What should we call them, anyway? Arguments against the term "predatory": It is not descriptive or instructive, so some suggest using fake, rouge, questionable, parasitic, deceptive, etc.; predatory suggests victims, powerless people who are acted upon without their full knowledge, while a number of studies have shown that some scholars knowingly publish in such journals; Calling the issue "predatory" obviates or mitigates the personal responsibility for choosing where to publish.
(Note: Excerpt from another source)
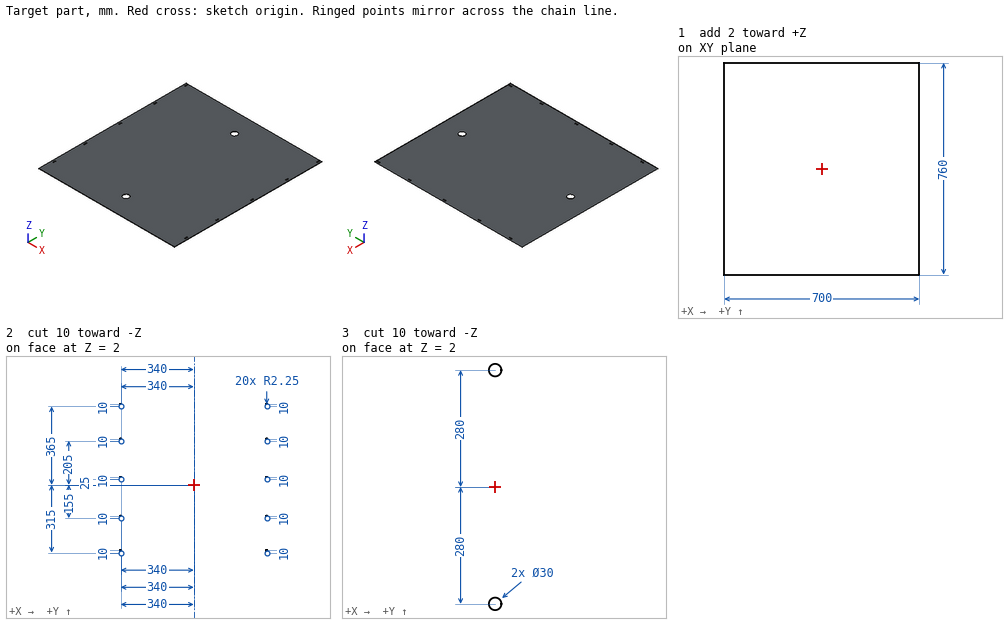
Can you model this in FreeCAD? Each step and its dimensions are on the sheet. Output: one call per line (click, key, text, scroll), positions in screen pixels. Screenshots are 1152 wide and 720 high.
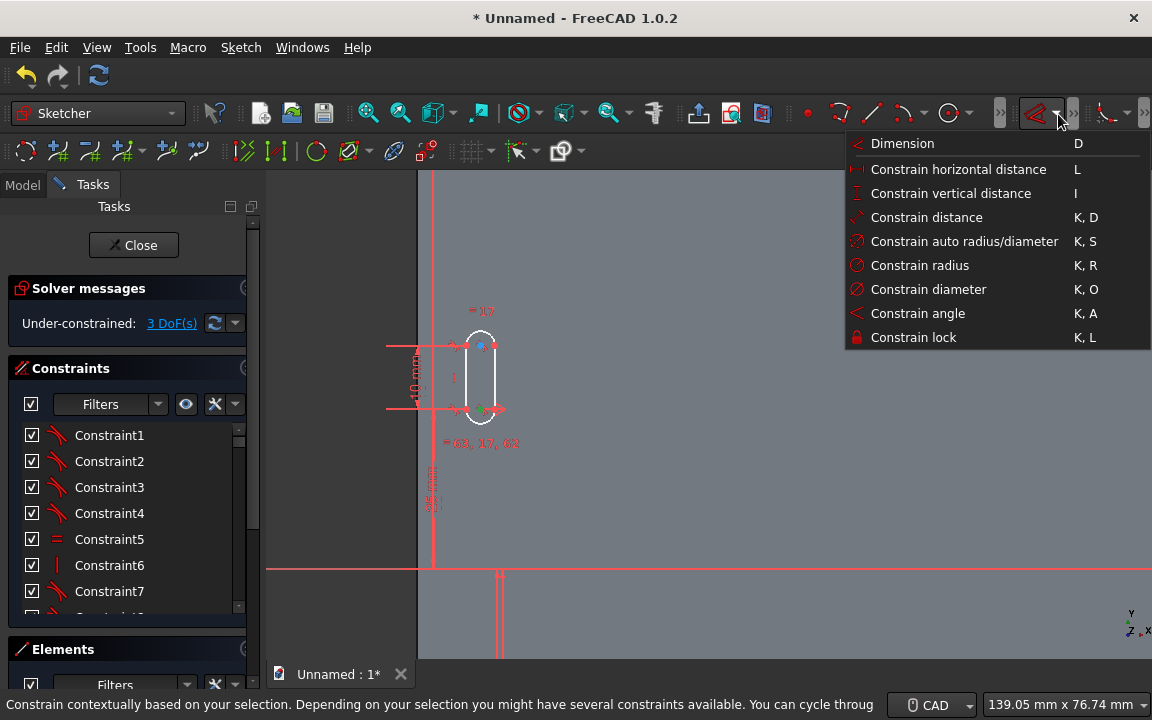
click(998, 169)

The best argument for using the term: Since Jeffrey Beall coined the term, why not use it?
COPE is undecided on what name is best.

I particularly liked Deborah's stakeholder analysis of who or what is harmed by these publishers:
  • The innocent author who is duped into paying for services without receiving them. They may lose status when peers discover that they have published in such a journal, and it can even lead to investigations. Since many such publishers refuse to retract, the damage done may be long-term. 
  • Legitimate Open Access Journals are easily confused with predatory Open Access Journals
  • Legitimate journals which are not top ranked or may not follow best practice are also easily confused with them.
  • Research and funding sources: This depends on whether the research published is legitimate or not. If the research is shoddy and gets published by a PP journal, it may be cited and thus pollutes the scholarly record. If a scandal arises, the scandal may tarnish publicly funded research.
  • Universities and their role in knowledge creation.
  • Citizens who pay taxes.
She pointed out that predatory publishers make a great business ethics case. In closing, she sees only two things that can be done:
  1. Caveat Emptor (let the buyer beware) - use Think / Check / Submit: do you read the journal yourself? Do you cite research published there? Do your colleagues? Who is the editor-in-chief?
  2. Addressing and pursuing predatory publishers as businesses committing criminal acts. The USA Federal Trade Commission won a court case agains the owner of  OMICS and the company itself. The courts fined OMICS $50.1 million.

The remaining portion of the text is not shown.